Standing cinematic shoulder to cinematic shoulder with any sequence from the likes of Matthew Wadleigh's "Woodstock" (1970), Mel Stuart's "Wattstax" (1973), Martin Scorsese's "The Last Waltz" (1978), Jonathan Demme's "Stop Making Sense" (1984) or Prince's "Sign O' The Times" (1987), we are given one show stopping sequence after another. From the towering "Mary, Don't You Weep," the ocean flow of the medley "Precious Lord, Take My Hand/You've Got A Friend," the sublime cover of Marvin Gaye's "Wholly Holy," soulful uplift of "How I Got Over," the hurricane force, orgiastic fury of "Old Landmark" and even more, we are so often stirred and shaken to the point of eliciting involuntary physical and emotional responses throughout--the kind the very best music can produce. The hair raising chills, the arrival of goose pimples, quick bodily tics and even the arrival of tears, anything that alerts the physical of something great (or greater) at work that consumes and surrounds us unquestionably, possibly even nudging us to consider if our sense of free will has been overtaken.

Beautifully, our own emotions work as in a call and response to the images contained within the film itself, as one performance strikes Cleveland with such strength that he ceases playing piano himself and succumbs into a flow of tears, an image which certainly is as staggering to view in our theater seats as Franklin's entire performance. And then, we continue to watch and listen to Aretha Franklin, who does indeed spend several songs singing with her eyes closed (!), allowing us to ask ourselves just what is she tapping into, and from where does her gift emerge.

It was the sheer purity of the intent and therefore, the delivery and reception throughout "Amazing Grace" that infused the fullness of its power and undeniable grace. A sequence where Rev. C.L. Franklin, Aretha Franklin's Father, wipes the sweat from his daughter face as she sings, was a moment of sublime tenderness between parent and child, regardless of their respective legacies within the church, in music and social activism.

And yet, it is this merging of the church, the music and social activism that also provides this film an even greater context beyond just existing as a document of a live album recording. "Amazing Grace" is a film that speaks directly to and is a product of the ties that inspired it. Remember, this film occurs only four short years after the assassination of Dr. Martin Luther King Jr. as well as during the heart of the late 1960's/early 1970's civil rights era. This specific tenor of the times informs the songs Aretha Franklin performs and vice versa as the music is utilized to provide not solely a soundtrack to a movement but the most importantly, the soul.

Aretha Frankin's song choices and commitment to her performances of said songs speaks directly to the divine and devotional, as the messages contained within the music are indeed the fuel to a people and a movement that promoted solidarity, perseverance, endurance, unity, empowerment, self-love and of course, R-E-S-P-E-C-T for ourselves from ourselves and the world at large.

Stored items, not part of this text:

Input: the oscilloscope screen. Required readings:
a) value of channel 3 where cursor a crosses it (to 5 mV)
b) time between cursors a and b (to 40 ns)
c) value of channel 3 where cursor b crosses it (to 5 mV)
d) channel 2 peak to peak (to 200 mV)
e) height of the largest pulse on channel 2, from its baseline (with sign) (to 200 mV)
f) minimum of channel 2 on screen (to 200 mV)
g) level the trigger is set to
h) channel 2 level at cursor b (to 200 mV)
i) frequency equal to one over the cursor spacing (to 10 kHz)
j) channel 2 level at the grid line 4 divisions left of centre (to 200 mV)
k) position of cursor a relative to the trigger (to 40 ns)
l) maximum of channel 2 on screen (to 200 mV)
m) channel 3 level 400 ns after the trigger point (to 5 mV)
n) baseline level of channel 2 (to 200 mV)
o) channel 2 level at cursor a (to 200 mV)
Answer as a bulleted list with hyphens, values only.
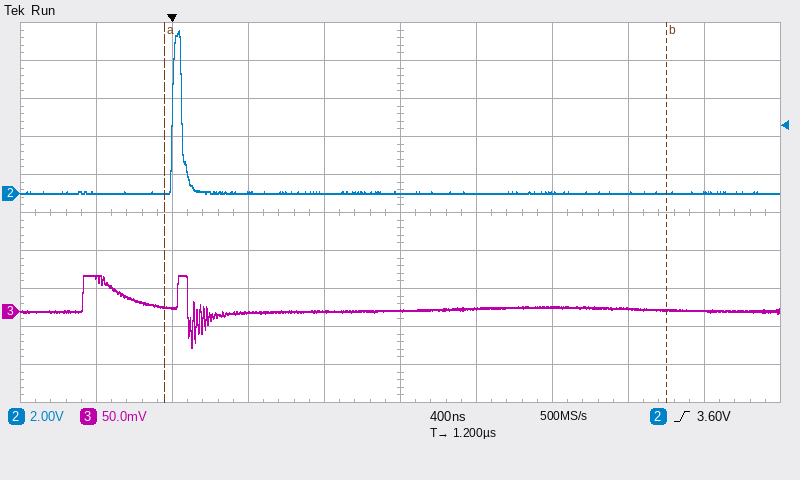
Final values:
- 5 mV
- 2.64 µs
- 0 mV
- 8.6 V
- +8.6 V
- 0.0 V
- 3.60 V
- 0.0 V
- 380 kHz
- 0.0 V
- -40 ns
- 8.6 V
- 0 mV
- 0.0 V
- 0.0 V

In doing so, "Amazing Grace" is ultimately a film about Black excellence made during and for distinct times when such messages demand to be seen and felt. It truly lifted me to see a sea of all of these natural afros within the church, the positive feelings abound, the sweeping emotions and the virtuoso musical abilities on display. Although it took 47 years for this film to be fully realized and able to see the light of day, perhaps it has arrived at the RIGHT time due to the dark times we are all existing within during the 21st century.

And such is the astounding, revelatory experience that is "Amazing Grace," a film all the more remarkable that we are able to see today, especially as most of the principal participants have passed on. For those of you who may be reluctant to go to a film that harbors anything approaching the religious, trust me when I saw that this film is a non-denominational, fully open-hearted experience that will superbly rattle you, and raise you from your seats to send you flying high with arms graciously, lovingly outstretched.